*Exercise directions:* Write out the records that follow exactly. Do not include pictures.

────────

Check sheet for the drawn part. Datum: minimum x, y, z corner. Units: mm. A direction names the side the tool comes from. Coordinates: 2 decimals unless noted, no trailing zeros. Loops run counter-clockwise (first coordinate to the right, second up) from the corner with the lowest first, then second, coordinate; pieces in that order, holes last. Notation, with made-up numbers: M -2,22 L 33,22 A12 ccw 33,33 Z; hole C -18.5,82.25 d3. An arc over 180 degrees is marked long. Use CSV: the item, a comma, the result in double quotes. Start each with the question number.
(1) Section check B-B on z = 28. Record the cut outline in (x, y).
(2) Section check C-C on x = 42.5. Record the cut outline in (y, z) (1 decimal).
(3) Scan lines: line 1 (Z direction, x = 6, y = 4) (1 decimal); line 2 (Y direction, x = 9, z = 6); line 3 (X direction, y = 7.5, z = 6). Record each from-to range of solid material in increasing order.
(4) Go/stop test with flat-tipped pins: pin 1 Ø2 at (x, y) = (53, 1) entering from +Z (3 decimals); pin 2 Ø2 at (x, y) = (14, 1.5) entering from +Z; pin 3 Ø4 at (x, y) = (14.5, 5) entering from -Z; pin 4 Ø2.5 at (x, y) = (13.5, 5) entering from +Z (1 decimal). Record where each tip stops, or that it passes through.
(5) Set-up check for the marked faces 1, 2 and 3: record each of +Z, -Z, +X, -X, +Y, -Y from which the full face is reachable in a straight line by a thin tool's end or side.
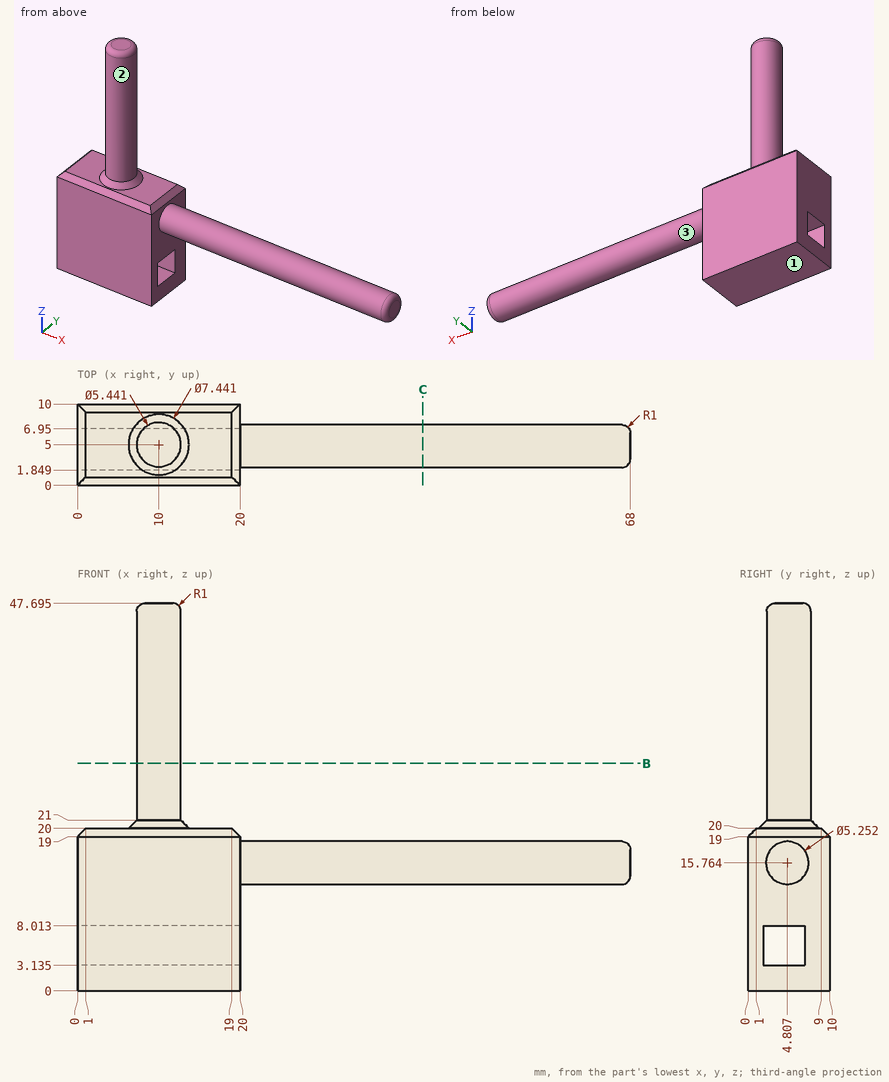
Outcome:
1,outline,"C 10,5 d5.44"
2,outline,"C 4.8,15.8 d5.3"
3,line 1,"z = 0 to 3.1, 8 to 20"
3,line 2,"y = 0 to 1.85, 6.95 to 10"
3,line 3,"x = 0 to 20"
4,pin 1,"passes through"
4,pin 2,"stops at z = 20"
4,pin 3,"stops at z = 0"
4,pin 4,"stops at z = 47.5"
5,face 1,"-Z, +X, -X, +Y, -Y"
5,face 2,"+Z"
5,face 3,"+X"

────────

*Result of the exercise:*
Check sheet for the drawn part. Datum: minimum x, y, z corner. Units: mm. A direction names the side the tool comes from. Coordinates: 2 decimals unless noted, no trailing zeros. Loops run counter-clockwise (first coordinate to the right, second up) from the corner with the lowest first, then second, coordinate; pieces in that order, holes last. Notation, with made-up numbers: M -2,22 L 33,22 A12 ccw 33,33 Z; hole C -18.5,82.25 d3. An arc over 180 degrees is marked long. Use CSV: the item, a comma, the result in double quotes. Start each with the question number.
(1) Section check B-B on z = 28. Record the cut outline in (x, y).
(2) Section check C-C on x = 42.5. Record the cut outline in (y, z) (1 decimal).
(3) Scan lines: line 1 (Z direction, x = 6, y = 4) (1 decimal); line 2 (Y direction, x = 9, z = 6); line 3 (X direction, y = 7.5, z = 6). Record each from-to range of solid material in increasing order.
(4) Go/stop test with flat-tipped pins: pin 1 Ø2 at (x, y) = (53, 1) entering from +Z (3 decimals); pin 2 Ø2 at (x, y) = (14, 1.5) entering from +Z; pin 3 Ø4 at (x, y) = (14.5, 5) entering from -Z; pin 4 Ø2.5 at (x, y) = (13.5, 5) entering from +Z (1 decimal). Record where each tip stops, or that it passes through.
(5) Set-up check for the marked faces 1, 2 and 3: record each of +Z, -Z, +X, -X, +Y, -Y from which the full face is reachable in a straight line by a thin tool's end or side.
Outcome:
1,outline,"C 10,5 d5.44"
2,outline,"C 4.8,15.8 d5.3"
3,line 1,"z = 0 to 3.1, 8 to 20"
3,line 2,"y = 0 to 1.85, 6.95 to 10"
3,line 3,"x = 0 to 20"
4,pin 1,"passes through"
4,pin 2,"stops at z = 20"
4,pin 3,"stops at z = 0"
4,pin 4,"stops at z = 47.5"
5,face 1,"-Z, +X, -X, +Y, -Y"
5,face 2,"+Z"
5,face 3,"+X"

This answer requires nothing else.